# [Problem details]
Look through the entries that follow and return each line that has the string "oriented".
** Source material follows **
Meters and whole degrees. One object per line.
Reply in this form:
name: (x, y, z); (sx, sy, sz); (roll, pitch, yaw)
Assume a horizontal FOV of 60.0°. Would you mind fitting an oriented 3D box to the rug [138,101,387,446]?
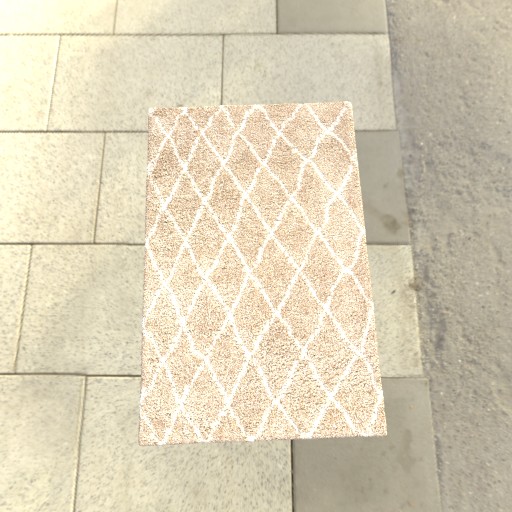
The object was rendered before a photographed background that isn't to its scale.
rug: (0.000, 0.000, 3.524); (1.778, 0.030, 2.743); (-2, 75, -1)
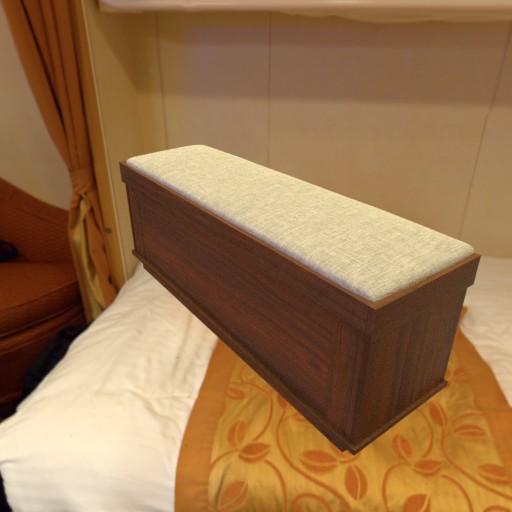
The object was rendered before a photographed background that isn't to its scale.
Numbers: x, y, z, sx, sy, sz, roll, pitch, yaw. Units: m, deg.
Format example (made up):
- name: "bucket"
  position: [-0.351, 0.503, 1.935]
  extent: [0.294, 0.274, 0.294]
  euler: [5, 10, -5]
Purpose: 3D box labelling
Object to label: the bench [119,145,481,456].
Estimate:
- name: "bench"
  position: [0.000, 0.000, 1.396]
  extent: [0.367, 0.468, 1.196]
  euler: [-19, 33, -32]
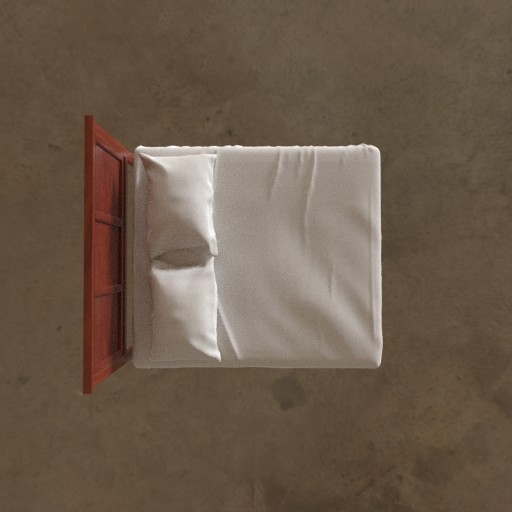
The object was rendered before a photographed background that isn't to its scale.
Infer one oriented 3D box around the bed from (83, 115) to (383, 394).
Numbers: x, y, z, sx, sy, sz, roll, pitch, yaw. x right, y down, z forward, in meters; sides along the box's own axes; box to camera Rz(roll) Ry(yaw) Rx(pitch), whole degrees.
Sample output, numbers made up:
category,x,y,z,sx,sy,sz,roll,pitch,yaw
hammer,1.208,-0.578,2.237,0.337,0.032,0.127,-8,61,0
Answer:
category,x,y,z,sx,sy,sz,roll,pitch,yaw
bed,0.000,0.000,3.246,2.050,1.270,1.870,0,89,0
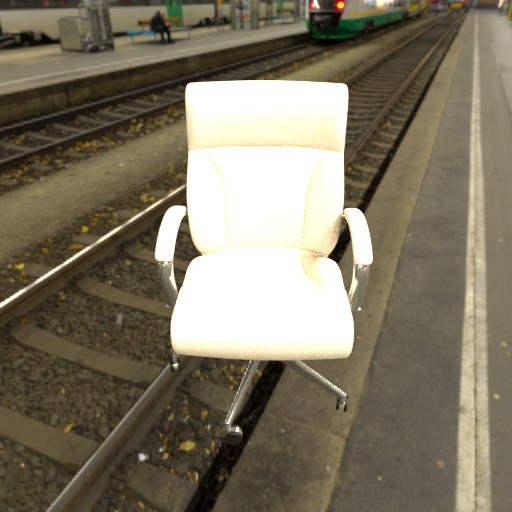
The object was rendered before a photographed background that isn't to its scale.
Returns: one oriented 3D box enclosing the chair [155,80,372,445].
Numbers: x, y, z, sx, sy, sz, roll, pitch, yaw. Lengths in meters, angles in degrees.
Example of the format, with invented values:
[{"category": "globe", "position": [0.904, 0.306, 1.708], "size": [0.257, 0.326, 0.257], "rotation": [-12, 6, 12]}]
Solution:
** End of Source material **
# [Your response]
Assume a horizontal FOV of 60.0°. Would you mind fitting an oriented 3D box to the rug [138,101,387,446]?
Infer one oriented 3D box around the bed from (83, 115) to (383, 394).
Returns: one oriented 3D box enclosing the chair [155,80,372,445].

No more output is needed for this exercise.